# What is your favourite horse activity?



## Guest (Jun 20, 2008)

I like grooming and schooling best, which is probably why I love showing. There's no showing classes where I am at the moment (my horse doesn't travel) and I'm skint anyway, so no more competing for us. I miss it though. What does everyone else like doing?


----------



## bee112 (Apr 12, 2008)

I'll like hacks and cross country.. used to do loads of the charity rides.. miss it loads!


----------



## tashi (Dec 5, 2007)

I was captain of the Prince Phillip cup team - loved that, but really enjoyed show jumping and eventing although the dressage was not my strong point


----------



## bee112 (Apr 12, 2008)

tashi said:


> dressage was not my strong point


he he same here.. my arab mare found dressage very boring and much preferred galloping round the countryside!


----------



## tashi (Dec 5, 2007)

bee112 said:


> he he same here.. my arab mare found dressage very boring and much preferred galloping round the countryside!

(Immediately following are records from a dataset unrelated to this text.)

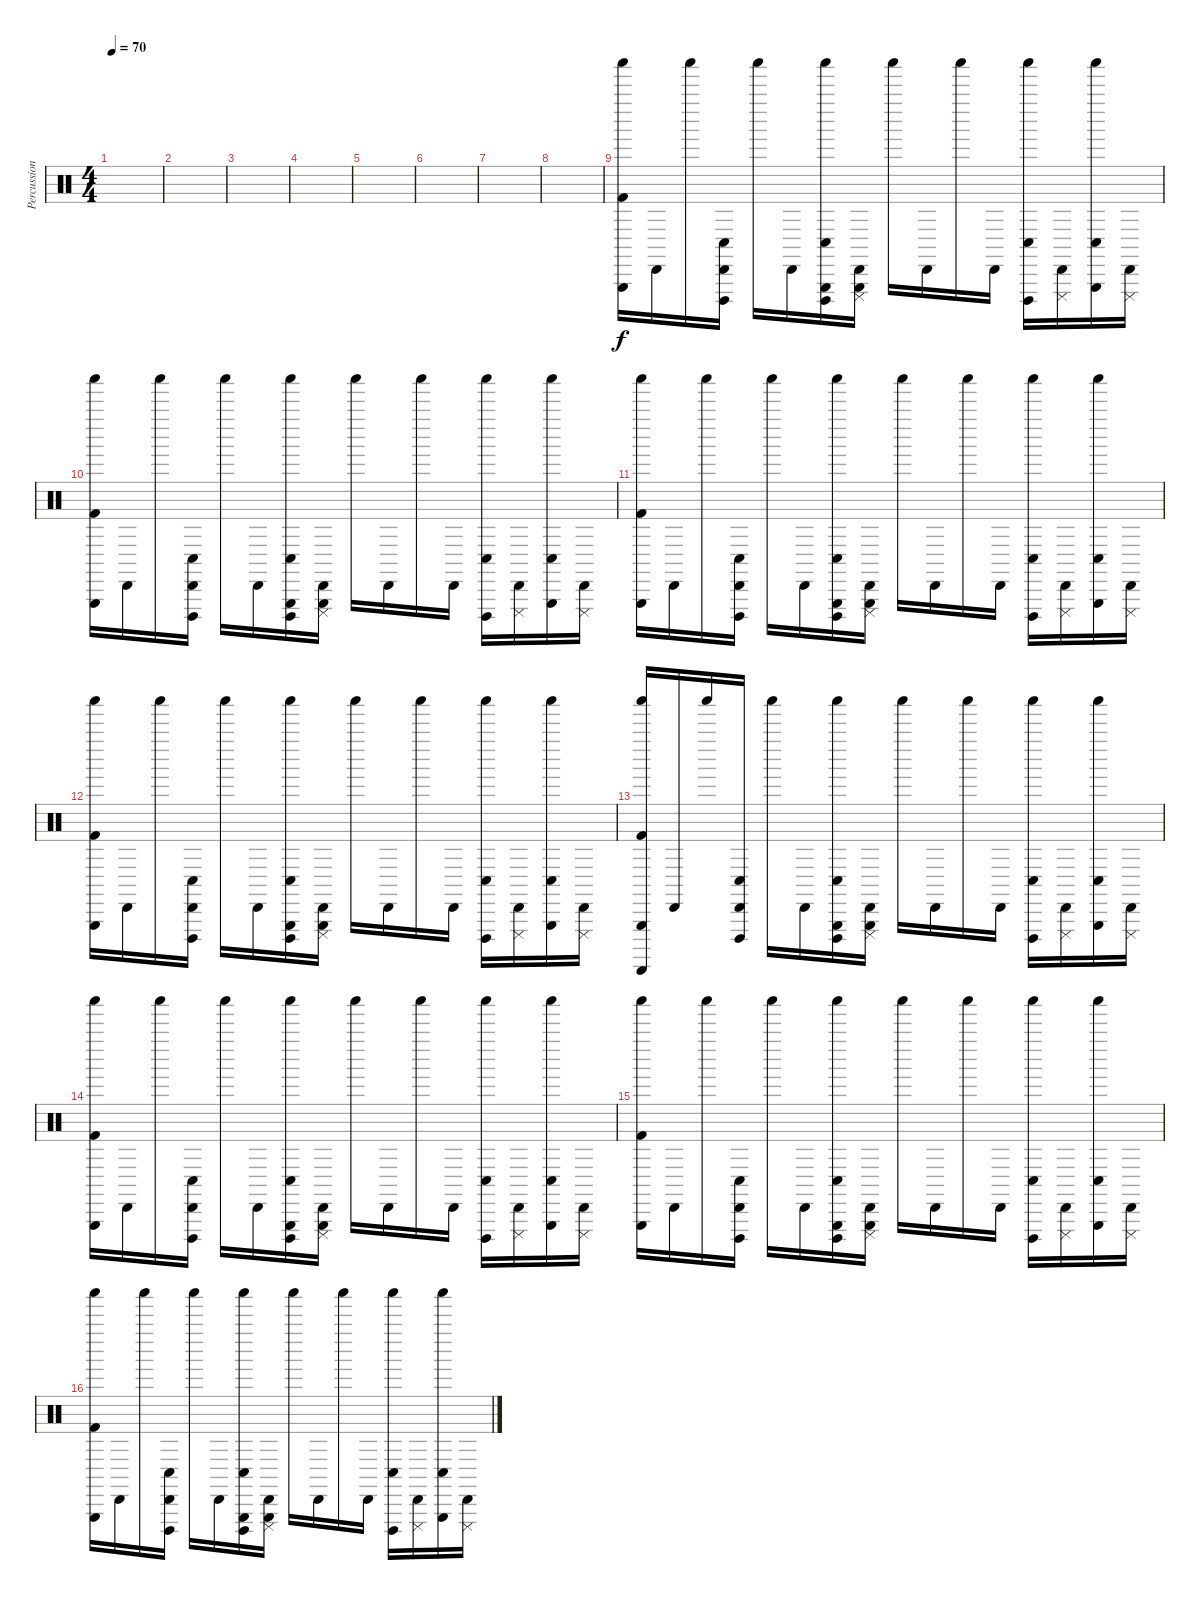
\track ("Percussion" "Percussion") {instrument percussion}
\staff {score}
\articulation defaults
\ts (4 4)
\tempo 70
\clef neutral
\ks c
|
|
|
|
|
|
|
|
("Triangle (hit)" "Shaker (hit)" "Kick (hit) 2").16 "Cabasa (hit)".16 "Shaker (hit)".16 ("Cabasa (hit)" "Cuica (open)" "Conga low (hit)").16 "Shaker (hit)".16 "Cabasa (hit)".16 ("Triangle (hit)" "Shaker (hit)" "Cuica (open)" "Conga low (hit)").16 ("Triangle (hit)" "Cabasa (hit)" "Cuica (mute)").16 "Shaker (hit)".16 "Cabasa (hit)".16 "Shaker (hit)".16 "Cabasa (hit)".16 ("Shaker (hit)" "Cuica (open)" "Conga low (hit)").16 ("Cabasa (hit)" "Cuica (mute)").16 ("Triangle (hit)" "Shaker (hit)" "Conga low (hit)").16 ("Cabasa (hit)" "Cuica (mute)").16 |
("Triangle (hit)" "Shaker (hit)" "Kick (hit) 2").16 "Cabasa (hit)".16 "Shaker (hit)".16 ("Cabasa (hit)" "Cuica (open)" "Conga low (hit)").16 "Shaker (hit)".16 "Cabasa (hit)".16 ("Triangle (hit)" "Shaker (hit)" "Cuica (open)" "Conga low (hit)").16 ("Triangle (hit)" "Cabasa (hit)" "Cuica (mute)").16 "Shaker (hit)".16 "Cabasa (hit)".16 "Shaker (hit)".16 "Cabasa (hit)".16 ("Shaker (hit)" "Cuica (open)" "Conga low (hit)").16 ("Cabasa (hit)" "Cuica (mute)").16 ("Triangle (hit)" "Shaker (hit)" "Conga low (hit)").16 ("Cabasa (hit)" "Cuica (mute)").16 |
("Triangle (hit)" "Shaker (hit)" "Kick (hit) 2").16 "Cabasa (hit)".16 "Shaker (hit)".16 ("Cabasa (hit)" "Cuica (open)" "Conga low (hit)").16 "Shaker (hit)".16 "Cabasa (hit)".16 ("Triangle (hit)" "Shaker (hit)" "Cuica (open)" "Conga low (hit)").16 ("Triangle (hit)" "Cabasa (hit)" "Cuica (mute)").16 "Shaker (hit)".16 "Cabasa (hit)".16 "Shaker (hit)".16 "Cabasa (hit)".16 ("Shaker (hit)" "Cuica (open)" "Conga low (hit)").16 ("Cabasa (hit)" "Cuica (mute)").16 ("Triangle (hit)" "Shaker (hit)" "Conga low (hit)").16 ("Cabasa (hit)" "Cuica (mute)").16 |
("Triangle (hit)" "Shaker (hit)" "Kick (hit) 2").16 "Cabasa (hit)".16 "Shaker (hit)".16 ("Cabasa (hit)" "Cuica (open)" "Conga low (hit)").16 "Shaker (hit)".16 "Cabasa (hit)".16 ("Triangle (hit)" "Shaker (hit)" "Cuica (open)" "Conga low (hit)").16 ("Triangle (hit)" "Cabasa (hit)" "Cuica (mute)").16 "Shaker (hit)".16 "Cabasa (hit)".16 "Shaker (hit)".16 "Cabasa (hit)".16 ("Shaker (hit)" "Cuica (open)" "Conga low (hit)").16 ("Cabasa (hit)" "Cuica (mute)").16 ("Triangle (hit)" "Shaker (hit)" "Conga low (hit)").16 ("Cabasa (hit)" "Cuica (mute)").16 |
("Triangle (hit)" "Guiro (scrap-return)" "Shaker (hit)" "Kick (hit) 2").16 "Cabasa (hit)".16 "Shaker (hit)".16 ("Cabasa (hit)" "Cuica (open)" "Conga low (hit)").16 "Shaker (hit)".16 "Cabasa (hit)".16 ("Triangle (hit)" "Shaker (hit)" "Cuica (open)" "Conga low (hit)").16 ("Triangle (hit)" "Cabasa (hit)" "Cuica (mute)").16 "Shaker (hit)".16 "Cabasa (hit)".16 "Shaker (hit)".16 "Cabasa (hit)".16 ("Shaker (hit)" "Cuica (open)" "Conga low (hit)").16 ("Cabasa (hit)" "Cuica (mute)").16 ("Triangle (hit)" "Shaker (hit)" "Conga low (hit)").16 ("Cabasa (hit)" "Cuica (mute)").16 |
("Triangle (hit)" "Shaker (hit)" "Kick (hit) 2").16 "Cabasa (hit)".16 "Shaker (hit)".16 ("Cabasa (hit)" "Cuica (open)" "Conga low (hit)").16 "Shaker (hit)".16 "Cabasa (hit)".16 ("Triangle (hit)" "Shaker (hit)" "Cuica (open)" "Conga low (hit)").16 ("Triangle (hit)" "Cabasa (hit)" "Cuica (mute)").16 "Shaker (hit)".16 "Cabasa (hit)".16 "Shaker (hit)".16 "Cabasa (hit)".16 ("Shaker (hit)" "Cuica (open)" "Conga low (hit)").16 ("Cabasa (hit)" "Cuica (mute)").16 ("Triangle (hit)" "Shaker (hit)" "Conga low (hit)").16 ("Cabasa (hit)" "Cuica (mute)").16 |
("Triangle (hit)" "Shaker (hit)" "Kick (hit) 2").16 "Cabasa (hit)".16 "Shaker (hit)".16 ("Cabasa (hit)" "Cuica (open)" "Conga low (hit)").16 "Shaker (hit)".16 "Cabasa (hit)".16 ("Triangle (hit)" "Shaker (hit)" "Cuica (open)" "Conga low (hit)").16 ("Triangle (hit)" "Cabasa (hit)" "Cuica (mute)").16 "Shaker (hit)".16 "Cabasa (hit)".16 "Shaker (hit)".16 "Cabasa (hit)".16 ("Shaker (hit)" "Cuica (open)" "Conga low (hit)").16 ("Cabasa (hit)" "Cuica (mute)").16 ("Triangle (hit)" "Shaker (hit)" "Conga low (hit)").16 ("Cabasa (hit)" "Cuica (mute)").16 |
("Triangle (hit)" "Shaker (hit)" "Kick (hit) 2").16 "Cabasa (hit)".16 "Shaker (hit)".16 ("Cabasa (hit)" "Cuica (open)" "Conga low (hit)").16 "Shaker (hit)".16 "Cabasa (hit)".16 ("Triangle (hit)" "Shaker (hit)" "Cuica (open)" "Conga low (hit)").16 ("Triangle (hit)" "Cabasa (hit)" "Cuica (mute)").16 "Shaker (hit)".16 "Cabasa (hit)".16 "Shaker (hit)".16 "Cabasa (hit)".16 ("Shaker (hit)" "Cuica (open)" "Conga low (hit)").16 ("Cabasa (hit)" "Cuica (mute)").16 ("Triangle (hit)" "Shaker (hit)" "Conga low (hit)").16 ("Cabasa (hit)" "Cuica (mute)").16

mmm mine were always looking ahead knowing the cross country was to come and would just never settle it was always the fastest dressage test of the day LOL


----------



## bullbreeds (Jan 14, 2008)

I love showing too but my best thing is hunter trial


----------



## Dahlia-mouse (May 20, 2008)

I love showing and just riding in the nature on TÖLT that is much more fun than gallop 

Tölt is only in the Icelandic Horse....

and have only ride Icelandic horses  they are the best !


but i allso like show jumping  that is realy fun , specially on Icelandic one  they are so ''soft'' and realy strong


----------



## Guest (Jun 29, 2008)

so you're all speed freaks on here then! I love a good gallop too, as long as I've got room to stop. x


----------



## Dennyboy (Jan 3, 2008)

cross country  and a bit of gymkhana,and i did like the showing side 

All of it  especially the hacks when it quiet and theres no one around 

Mel


----------



## crofty (May 2, 2008)

I love taking Winston to longslade (mile long green) and just letting him go  blows away all those cobwebs... although could do with some goggles he's abit of speed demon!! Love cross country too, so much fun!


----------